As soon as I heard my alarm, I rolled over, shut it off and curled under the blankets. It was so warm and toasty in bed, and just wanted to cuddle up with my dog. I hate being a grown up and having the responsibility of going to work. Pshh.
After a little bit I got up and started my morning routine. I was back to the grind. On the plus side, I wouldn’t have to look at a antibiotic schedule sheet, as everything would be the exact same as the last protocol that I had.
I took my first antibiotic of the day, Ributin, which is kind of similar to Rifampin, and within an hour I felt like I was burning up, even though I wasn’t running a fever, and could barely concentrate. When I was at the store to get my morning coffee, I let out a big tic. Ahh! Shhh! Cheryl, the cashier exclaimed “Holy moly, you just scared the shit outta me! It’s been awhile since you’ve done that! Off your meds?” “Nope… just started.” Ugh.
It was a really good thing that I finished most of my work the day before. I was having a really hard time getting everything done and keeping my mind from wandering, even when it was easy things like licking envelopes. There was some organizing I wanted to do but I was really fading fast. My whole body was starting to feel like rubber, and I still had some errands to run. I was going to pick and choose which errands I was going to do, but I ended up getting them all done. Don’t be a baby, get this shit done.
I went to the bank for work, just the drive thru, then my bank, the post office, and then the pharmacy. My mouth felt really dry and my windows were rolled all the way down. I can do this, I can do this. I think I was pretty visibly doing poorly as the post office lady ran up and grabbed my mail and said she would take care of it for me, and the bank let me go right through even though there was someone else in line ahead of me. There was no wait at the pharmacy fortunately, as I could feel my legs starting to buckle. Make it to the car, make it to the car…
As soon as I got home I sat on the couch and watched TV. I dubbed on the computer, with a pillow underneath my arms to keep them from being complete dead weight. I was pretty much useless for the rest of the day. Luckily, Dave got everything done that needed to be before starting my IVs.
The IVs went much better than the rest of the day had. It seemed like my infusion went pretty quickly, maybe because the bags are much smaller than my lactated ringers. My legs were complete rubber and I got ready for bed then watched some TV, Deadly Wives, one of my new favorites, and after a long day I called it an early night. I was hoping that this wouldn’t paint the picture of how the rest of the month is going to go…

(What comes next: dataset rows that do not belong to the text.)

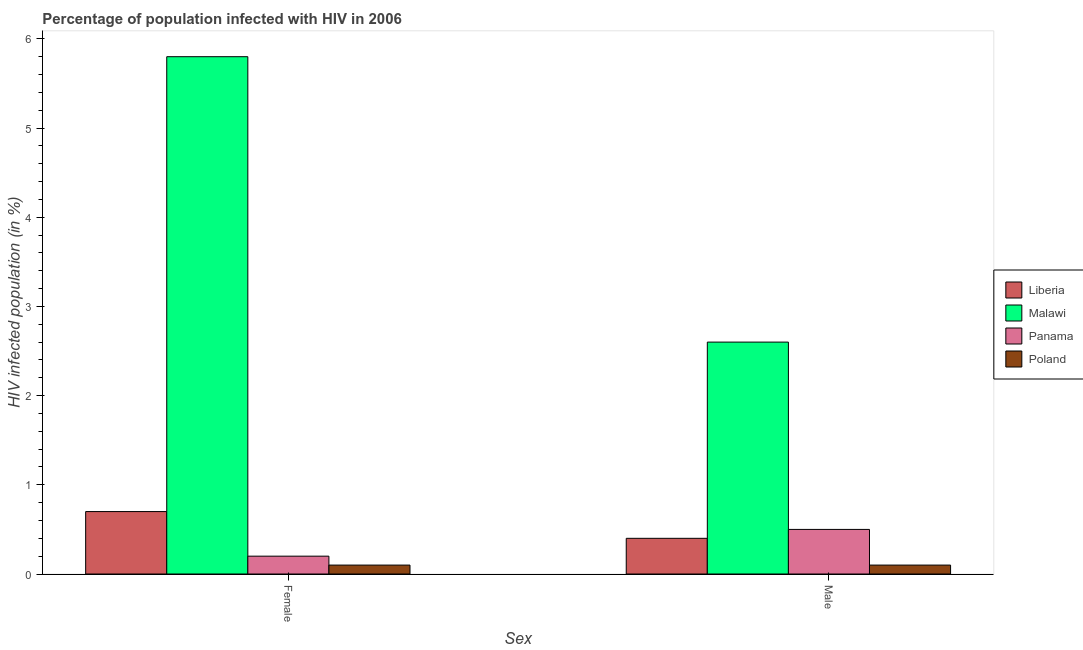Are the number of bars per tick equal to the number of legend labels?
Offer a very short reply. Yes. Are the number of bars on each tick of the X-axis equal?
Make the answer very short. Yes. How many bars are there on the 2nd tick from the left?
Your answer should be compact. 4. What is the label of the 2nd group of bars from the left?
Provide a succinct answer. Male. Across all countries, what is the minimum percentage of females who are infected with hiv?
Your answer should be compact. 0.1. In which country was the percentage of females who are infected with hiv maximum?
Make the answer very short. Malawi. In which country was the percentage of males who are infected with hiv minimum?
Give a very brief answer. Poland. What is the difference between the percentage of males who are infected with hiv in Poland and that in Liberia?
Provide a short and direct response. -0.3. What is the difference between the percentage of females who are infected with hiv in Liberia and the percentage of males who are infected with hiv in Panama?
Offer a very short reply. 0.2. What is the average percentage of females who are infected with hiv per country?
Your response must be concise. 1.7. In how many countries, is the percentage of females who are infected with hiv greater than 4.4 %?
Provide a short and direct response. 1. What is the ratio of the percentage of females who are infected with hiv in Malawi to that in Panama?
Offer a terse response. 29. In how many countries, is the percentage of males who are infected with hiv greater than the average percentage of males who are infected with hiv taken over all countries?
Your answer should be compact. 1. What does the 1st bar from the left in Female represents?
Offer a terse response. Liberia. What does the 3rd bar from the right in Male represents?
Offer a very short reply. Malawi. Are the values on the major ticks of Y-axis written in scientific E-notation?
Your answer should be very brief. No. What is the title of the graph?
Ensure brevity in your answer.  Percentage of population infected with HIV in 2006. Does "Korea (Democratic)" appear as one of the legend labels in the graph?
Keep it short and to the point. No. What is the label or title of the X-axis?
Provide a short and direct response. Sex. What is the label or title of the Y-axis?
Ensure brevity in your answer.  HIV infected population (in %). What is the HIV infected population (in %) of Malawi in Female?
Make the answer very short. 5.8. What is the HIV infected population (in %) of Poland in Female?
Offer a very short reply. 0.1. Across all Sex, what is the maximum HIV infected population (in %) of Malawi?
Provide a succinct answer. 5.8. Across all Sex, what is the minimum HIV infected population (in %) in Liberia?
Offer a very short reply. 0.4. Across all Sex, what is the minimum HIV infected population (in %) in Malawi?
Your answer should be compact. 2.6. Across all Sex, what is the minimum HIV infected population (in %) in Poland?
Provide a succinct answer. 0.1. What is the total HIV infected population (in %) of Panama in the graph?
Your answer should be very brief. 0.7. What is the total HIV infected population (in %) in Poland in the graph?
Your response must be concise. 0.2. What is the difference between the HIV infected population (in %) of Malawi in Female and that in Male?
Keep it short and to the point. 3.2. What is the difference between the HIV infected population (in %) in Panama in Female and that in Male?
Offer a very short reply. -0.3. What is the difference between the HIV infected population (in %) in Malawi in Female and the HIV infected population (in %) in Panama in Male?
Your response must be concise. 5.3. What is the average HIV infected population (in %) of Liberia per Sex?
Your answer should be compact. 0.55. What is the average HIV infected population (in %) of Panama per Sex?
Your answer should be very brief. 0.35. What is the difference between the HIV infected population (in %) of Liberia and HIV infected population (in %) of Malawi in Female?
Ensure brevity in your answer.  -5.1. What is the difference between the HIV infected population (in %) in Liberia and HIV infected population (in %) in Poland in Female?
Your answer should be very brief. 0.6. What is the difference between the HIV infected population (in %) in Malawi and HIV infected population (in %) in Poland in Female?
Your answer should be very brief. 5.7. What is the difference between the HIV infected population (in %) in Panama and HIV infected population (in %) in Poland in Female?
Provide a short and direct response. 0.1. What is the difference between the HIV infected population (in %) of Liberia and HIV infected population (in %) of Malawi in Male?
Your response must be concise. -2.2. What is the difference between the HIV infected population (in %) of Liberia and HIV infected population (in %) of Panama in Male?
Offer a terse response. -0.1. What is the difference between the HIV infected population (in %) in Malawi and HIV infected population (in %) in Panama in Male?
Provide a succinct answer. 2.1. What is the difference between the HIV infected population (in %) in Panama and HIV infected population (in %) in Poland in Male?
Your response must be concise. 0.4. What is the ratio of the HIV infected population (in %) of Malawi in Female to that in Male?
Provide a short and direct response. 2.23. What is the ratio of the HIV infected population (in %) in Panama in Female to that in Male?
Offer a very short reply. 0.4. What is the difference between the highest and the second highest HIV infected population (in %) in Poland?
Provide a short and direct response. 0. What is the difference between the highest and the lowest HIV infected population (in %) of Malawi?
Provide a succinct answer. 3.2. What is the difference between the highest and the lowest HIV infected population (in %) of Poland?
Provide a succinct answer. 0. 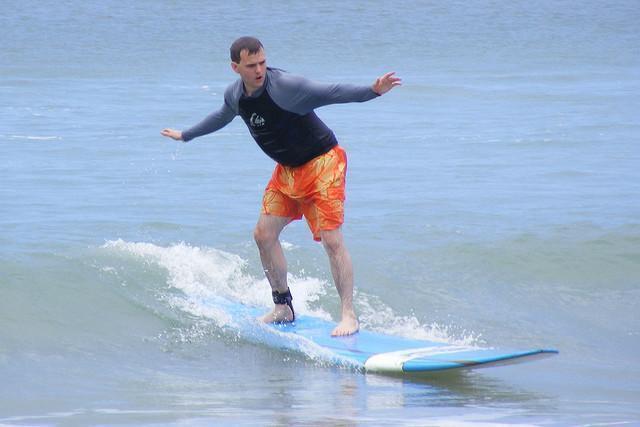How many orange cats are there in the image?
Give a very brief answer. 0. 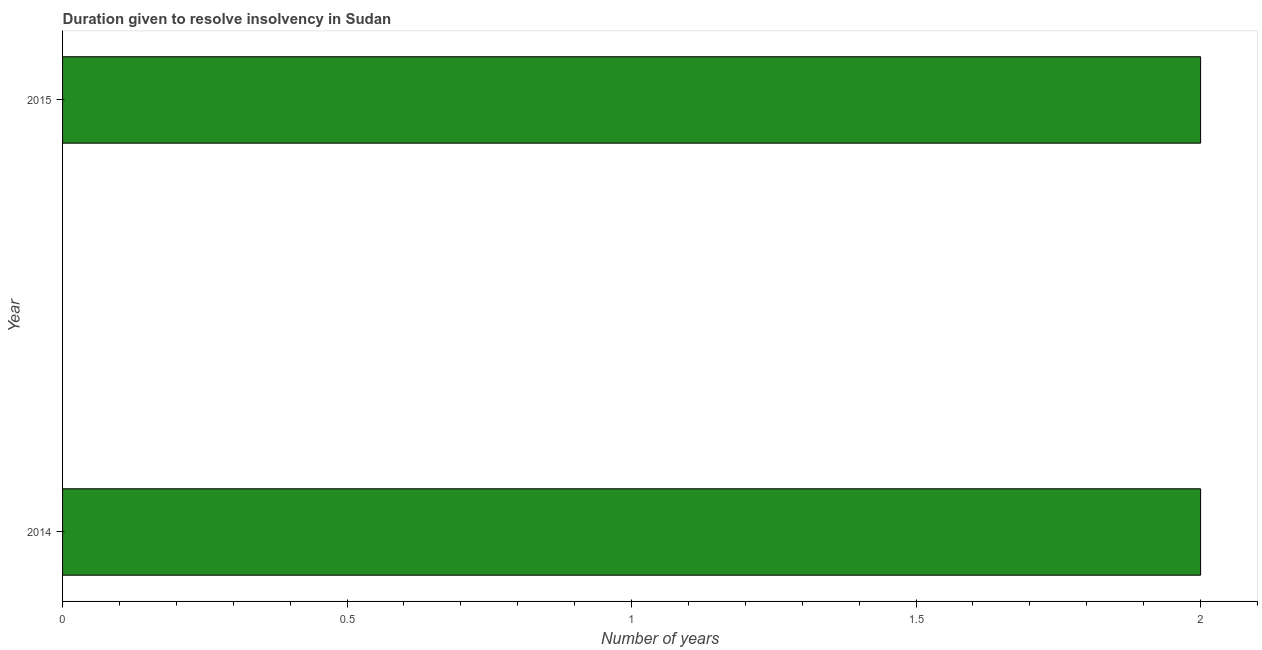Does the graph contain any zero values?
Your response must be concise. No. What is the title of the graph?
Provide a short and direct response. Duration given to resolve insolvency in Sudan. What is the label or title of the X-axis?
Your answer should be compact. Number of years. What is the label or title of the Y-axis?
Offer a very short reply. Year. Across all years, what is the maximum number of years to resolve insolvency?
Provide a succinct answer. 2. Across all years, what is the minimum number of years to resolve insolvency?
Ensure brevity in your answer.  2. What is the average number of years to resolve insolvency per year?
Make the answer very short. 2. In how many years, is the number of years to resolve insolvency greater than 0.8 ?
Offer a terse response. 2. What is the ratio of the number of years to resolve insolvency in 2014 to that in 2015?
Make the answer very short. 1. Is the number of years to resolve insolvency in 2014 less than that in 2015?
Your response must be concise. No. How many bars are there?
Make the answer very short. 2. What is the Number of years in 2014?
Make the answer very short. 2. What is the ratio of the Number of years in 2014 to that in 2015?
Give a very brief answer. 1. 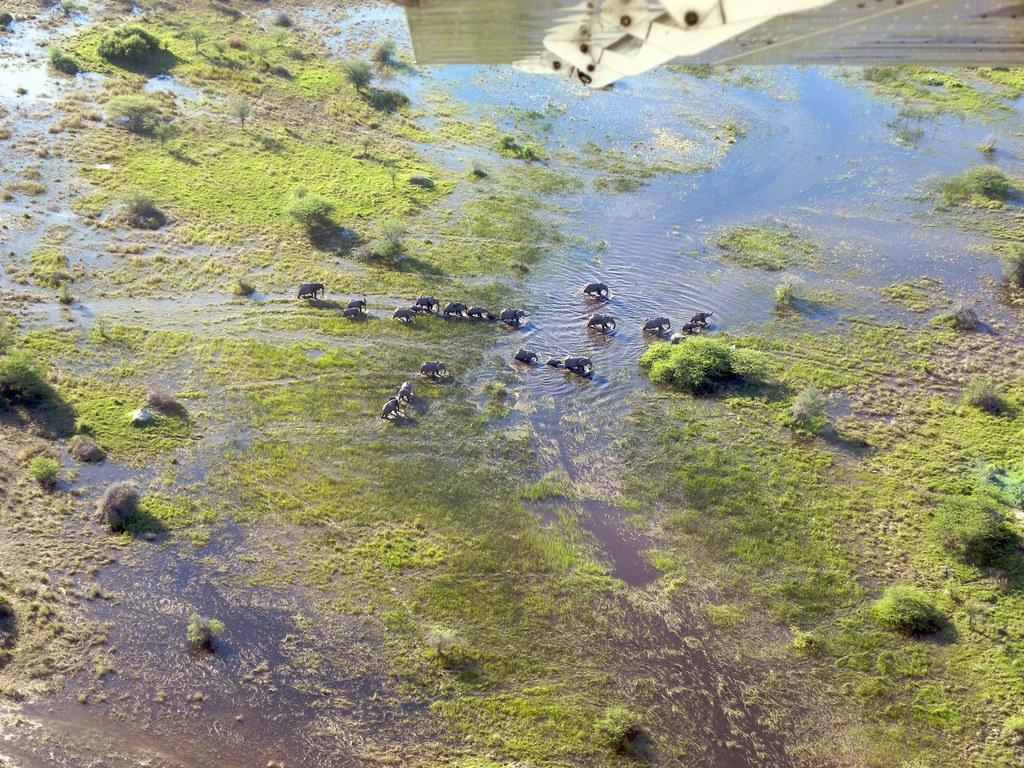What type of view is shown in the image? The image is an aerial view of a water body. What animals can be seen in the image? There are elephants in the center of the image. What type of vegetation is visible in the image? There are plants visible in the image. What type of ground cover is visible in the image? There is grass visible in the image. What natural element is the main focus of the image? There is water visible in the image. What type of kite is being flown by the elephants in the image? There are no kites visible in the image; it features an aerial view of a water body with elephants, plants, grass, and water. What side of the water body are the elephants standing on in the image? The image is an aerial view, so it does not have a specific side or direction. The elephants are in the center of the image, surrounded by water, plants, and grass. 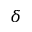Convert formula to latex. <formula><loc_0><loc_0><loc_500><loc_500>\delta</formula> 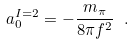Convert formula to latex. <formula><loc_0><loc_0><loc_500><loc_500>a _ { 0 } ^ { I = 2 } = - \frac { m _ { \pi } } { 8 \pi f ^ { 2 } } \ .</formula> 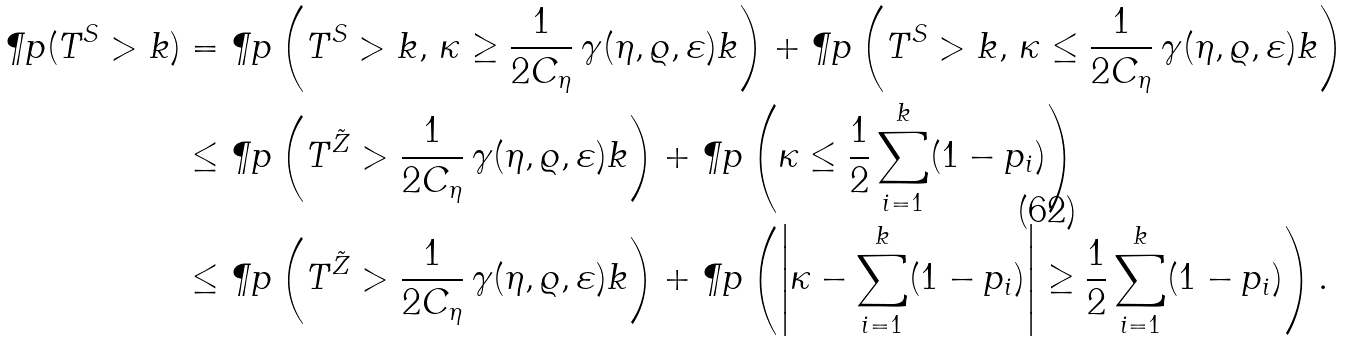<formula> <loc_0><loc_0><loc_500><loc_500>\P p ( T ^ { S } > k ) & = \P p \left ( T ^ { S } > k , \, \kappa \geq \frac { 1 } { 2 C _ { \eta } } \, \gamma ( \eta , \varrho , \varepsilon ) k \right ) + \P p \left ( T ^ { S } > k , \, \kappa \leq \frac { 1 } { 2 C _ { \eta } } \, \gamma ( \eta , \varrho , \varepsilon ) k \right ) \\ & \leq \P p \left ( T ^ { \tilde { Z } } > \frac { 1 } { 2 C _ { \eta } } \, \gamma ( \eta , \varrho , \varepsilon ) k \right ) + \P p \left ( \kappa \leq \frac { 1 } { 2 } \sum _ { i = 1 } ^ { k } ( 1 - p _ { i } ) \right ) \\ & \leq \P p \left ( T ^ { \tilde { Z } } > \frac { 1 } { 2 C _ { \eta } } \, \gamma ( \eta , \varrho , \varepsilon ) k \right ) + \P p \left ( \left | \kappa - \sum _ { i = 1 } ^ { k } ( 1 - p _ { i } ) \right | \geq \frac { 1 } { 2 } \sum _ { i = 1 } ^ { k } ( 1 - p _ { i } ) \right ) .</formula> 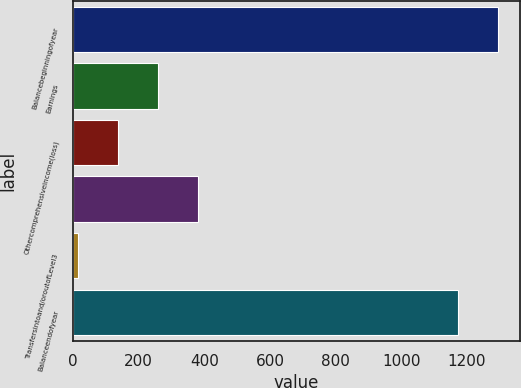Convert chart to OTSL. <chart><loc_0><loc_0><loc_500><loc_500><bar_chart><fcel>Balancebeginningofyear<fcel>Earnings<fcel>Othercomprehensiveincome(loss)<fcel>Unnamed: 3<fcel>Transfersintoand/oroutofLevel3<fcel>Balanceendofyear<nl><fcel>1295.5<fcel>260<fcel>137.5<fcel>382.5<fcel>15<fcel>1173<nl></chart> 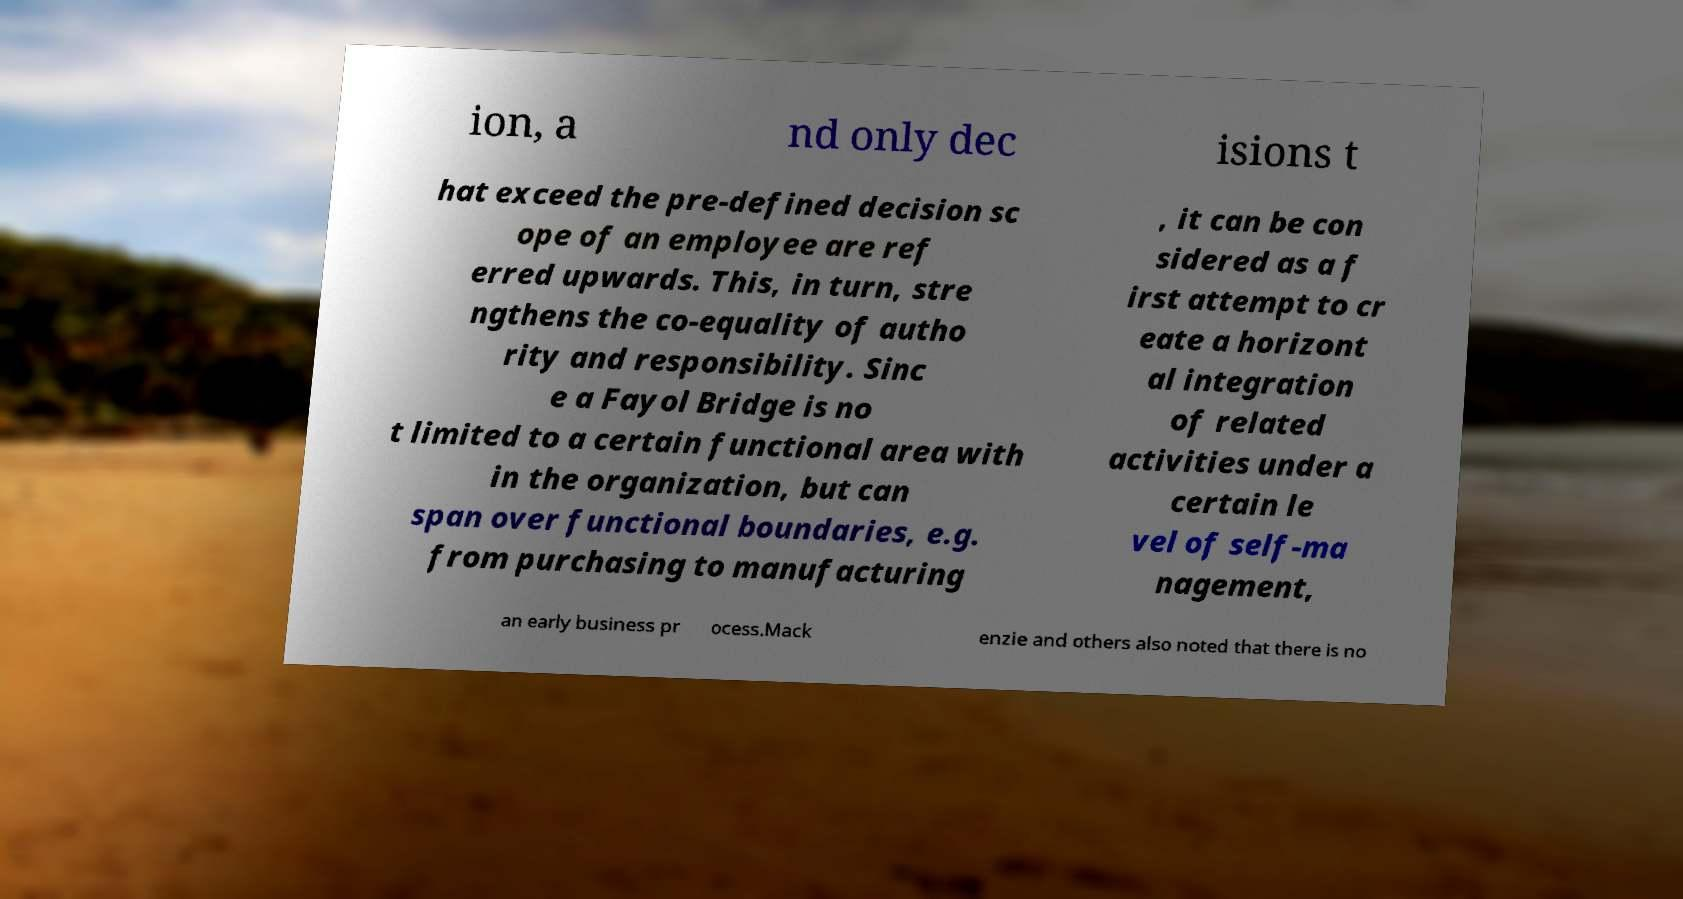There's text embedded in this image that I need extracted. Can you transcribe it verbatim? ion, a nd only dec isions t hat exceed the pre-defined decision sc ope of an employee are ref erred upwards. This, in turn, stre ngthens the co-equality of autho rity and responsibility. Sinc e a Fayol Bridge is no t limited to a certain functional area with in the organization, but can span over functional boundaries, e.g. from purchasing to manufacturing , it can be con sidered as a f irst attempt to cr eate a horizont al integration of related activities under a certain le vel of self-ma nagement, an early business pr ocess.Mack enzie and others also noted that there is no 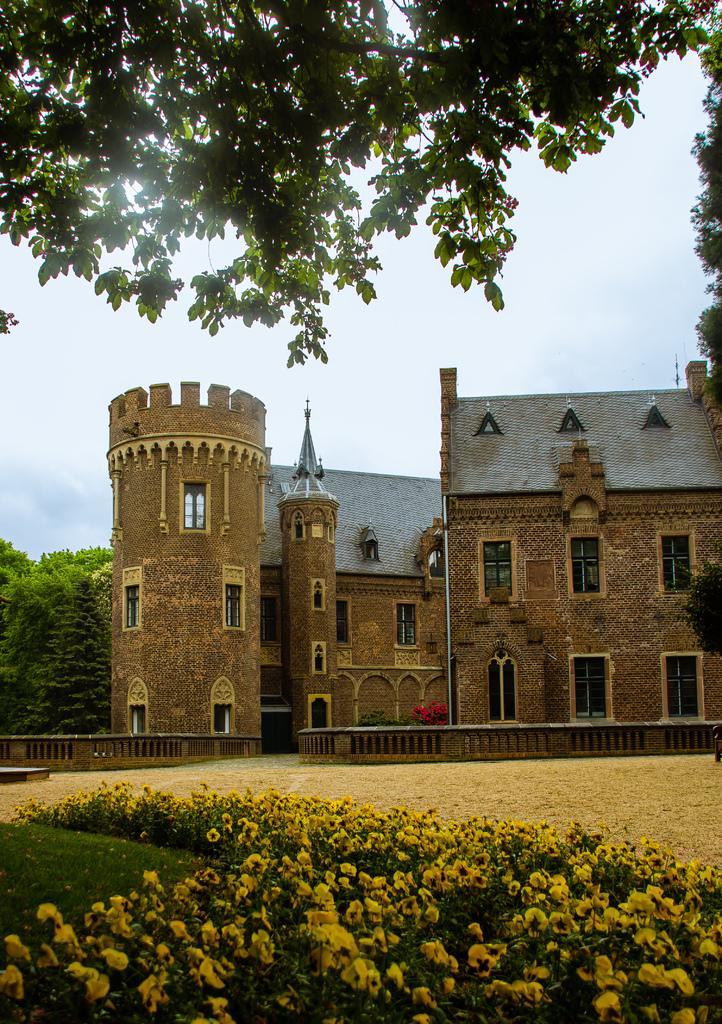What type of vegetation can be seen on the ground in the image? There are flowers on the ground in the image. What type of structure is visible in the image? There is a building visible in the image. What can be seen in the background of the image? There are many trees at the back of the image. What type of organization is conducting a meeting near the river in the image? There is no river or meeting present in the image; it features flowers on the ground, a building, and many trees in the background. What advice does the minister give to the congregation in the image? There is no minister or congregation present in the image. 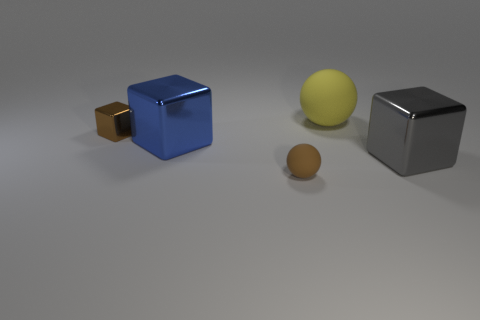Does the small shiny object have the same color as the big metallic cube right of the blue metallic block? no 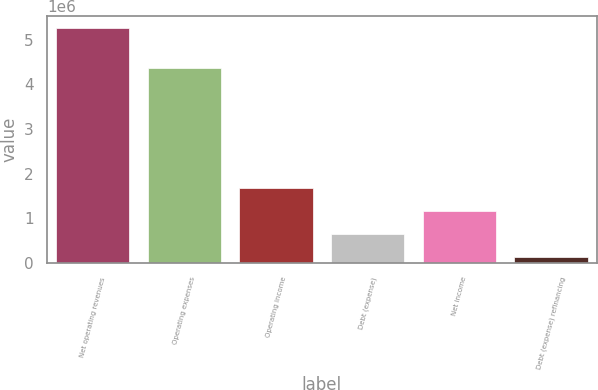Convert chart. <chart><loc_0><loc_0><loc_500><loc_500><bar_chart><fcel>Net operating revenues<fcel>Operating expenses<fcel>Operating income<fcel>Debt (expense)<fcel>Net income<fcel>Debt (expense) refinancing<nl><fcel>5.26415e+06<fcel>4.35646e+06<fcel>1.67949e+06<fcel>655302<fcel>1.1674e+06<fcel>143208<nl></chart>

I felt so much better getting up on Tuesday morning. It was a nice change of pace since it’s been a rough ride lately. I was actually up when my alarm went off, and had no trouble getting ready in the morning. I took the extra time trying to get my toenail polish off that has been half grown out for months to paint them sooner or later, and I ended up giving up after I realized I couldn’t bend down and was getting too tired doing it. Maybe I will just paint over it when I am doing better. 🙂
Gayle had her work cut out for her when I went for my massage appointment. My hips and thighs were really tense, my back was all messed up, and I have edema in my right leg again. Poo. I think it is probably from the lactated ringers and I am retaining the fluids.
I knew it would happen eventually, I started getting really tired and feeling lousy again. I had a hair appointment after my massage, which worked out perfectly as I wouldn’t have to worry about washing my hair later on, so I could just relax for the rest of the night.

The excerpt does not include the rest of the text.